John Harrison April 20, 2016, 5:09 p.m.
From: John Harrison <John.C.Harrison@Intel.com>

If an execbuff IOCTL call fails for some reason, it would leave the
request in the client list. The request clean up code would remove
this but only later on and only after the reference count has dropped
to zero. The entire sequence is contained within the driver mutex
lock. However, there is still a hole such that any code which does not
require the mutex lock could still find the request on the client list
and start using it. That would lead to broken reference counts, use of
dangling pointers and all sorts of other nastiness.

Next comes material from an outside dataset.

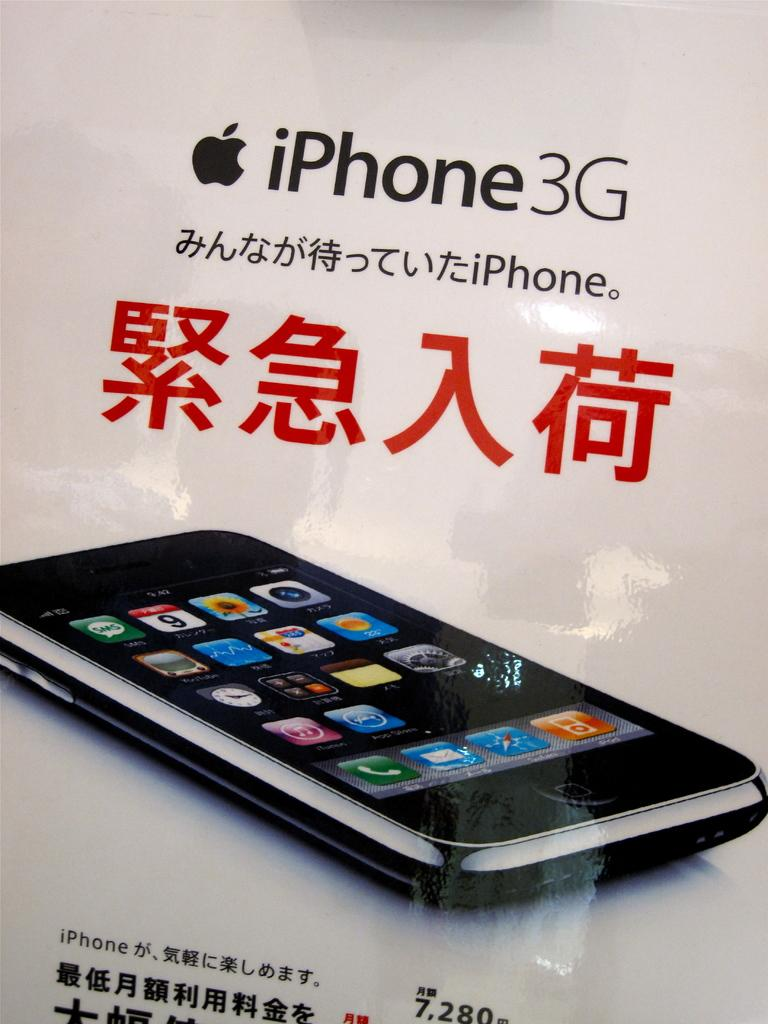<image>
Render a clear and concise summary of the photo. An ad for the iPhone3G with Chinese characters on it.

The throttle IOCTL in particular does not acquire the mutex and does
process the client list. And the likely situation of the execbuff
IOCTL failing is when the system is busy with lots of work
outstanding. That is exactly the situation where the throttle IOCTL
would try to wait on a request.

Currently, this hole is tiny - the gap between the reference count
dropping to zero and the free function being called in response.
However the next patch in this series enlarges that gap considerably
by deferring the free function (to remove the need for the mutex lock
when unreferencing requests).

v7: New patch in series.

Signed-off-by: John Harrison <John.C.Harrison@Intel.com>
---
 drivers/gpu/drm/i915/i915_drv.h            | 1 +
 drivers/gpu/drm/i915/i915_gem.c            | 5 ++---
 drivers/gpu/drm/i915/i915_gem_execbuffer.c | 6 +++++-
 3 files changed, 8 insertions(+), 4 deletions(-)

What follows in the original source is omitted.